Pretty much every one of those computer architectures arranges the logic units to operate on a series of data registers. We promise this is going somewhere… and we’re also simplifying a lot so everyone can grab a bone and pick. Data registers load and store from memory. Some architectures will also allow for direct memory operations. But which memory? This is where waiting comes to play.
The following analogy has been changed to protect the innocent, but YHA thanks the smart people for the concept. Let’s say the desired memory is stored in the nearest cache (with typical latencies in the one nanosecond range these days). Let’s also say that acquisition is the equivalent of finding the TV remote again next to the three-pack. Easy. Processor architectures typically have a series of larger caches or on-chip memories these days, followed by DRAM on the motherboard. It could take a walk to the neighbor’s house for a quick wave while opening the fridge in the garage to accomplish that particular DRAM “fetch.”
If that particular data happens to be stored on some of the latest and best solid-state memory on a coherent bus, the equivalent would be a short drive to the local convenience store. Leave the remote at home, please. A slightly older SSD configuration – or a poor driver routine (processor people always blame the software) – could mean a slightly longer trip to the grocery store in town.

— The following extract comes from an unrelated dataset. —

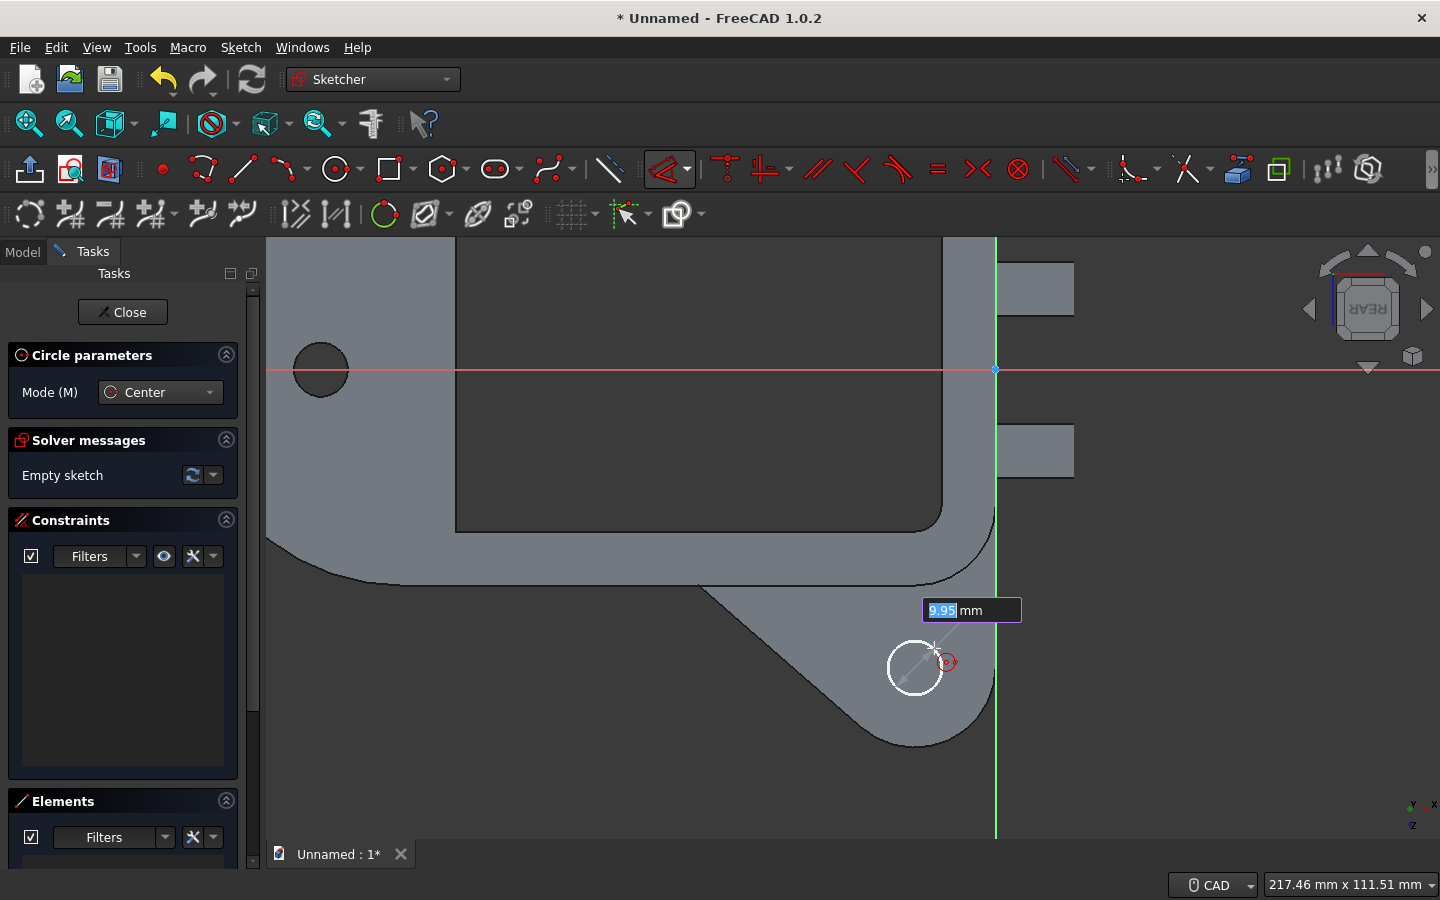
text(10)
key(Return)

The average AI cluster data transfer across the mesh would involve stopping for a sit-down dinner before heading home. That’s a lot of work for one individual piece of data, all while the particular system thread is waiting.
One more. The best network topologies in the datacenter these days usually guarantee a maximum of 5 milliseconds latency from any server to your register. THE COMPANY where YHA used to work offered the promise of an 8-week sabbatical. Were that entire sabbatical devoted to the acquisition of one beverage unit, we’d be in the ballpark of the latency we’re discussing. That sucker better not be an over-hopped IPA. And what’s the system thread doing that whole time? To use the Yiddish: bupkis.
Clearly, those decades of work between hardware and software geeks on multi-threading, data-ordering, data promotion, appropriate memory and SSD sizing, (keep going, it was decades) were all pretty vital. The modern datacenter rack topology is now largely being driven by collaborative, hive-mind organizations like the Open Compute Project (OCP). And even with all that effort, many of those cores are still essentially thirsting for that next drink of data. There’s a very cogent person a few TechArena articles away from this one that noted it can be very disappointing to pay $1B for some AI hardware only to see $500M of work happen. These are not inconsequential decisions.
So what to do? First, don’t panic (towel and exploding planet optional). There are plenty of resources out there that can help optimize whatever you’re building. Look for similar organizations in your region or technology circle and ask questions, many will be very open if they’re not competing with you, some even if they are. Look to organizations like OCP as a guide for setting a proper configuration. Also, your software providers likely have a much better view of configurations that best run their work, mostly because of those decades of work. Finally, look to cloud options, since your provider will then be taking the risks.
And keep the analogy going. Maybe in the flat world of data analytics we’ll collectively find out what data fetch has us all going to the moon and back. By the way, is anyone else thirsty? And where the heck is the remote?
Why Wait? Sometimes That’s the Only Choice
“All good things arrive unto them that wait - and don't die in the meantime.”
- Mark Twain
Memory is always a tricky thing. And we’re not just talking about trying to find the TV remote for five minutes only to finally discover that it’s in the fridge next to the five-pack. Don’t judge until you’ve done your 1.6 km in a certain pair of size 14’s, thank you. Anyway, Your Humble Author (YHA) remembers many a discussion on system memory, cache topologies, drive characteristics, and all those other fun things that are associated with an engineer’s most-dreaded, four-letter “L” word: latency. During one particular discussion with a senior software VP at a large OS company, he opined, “All processor architectures wait equally fast.” So, so true.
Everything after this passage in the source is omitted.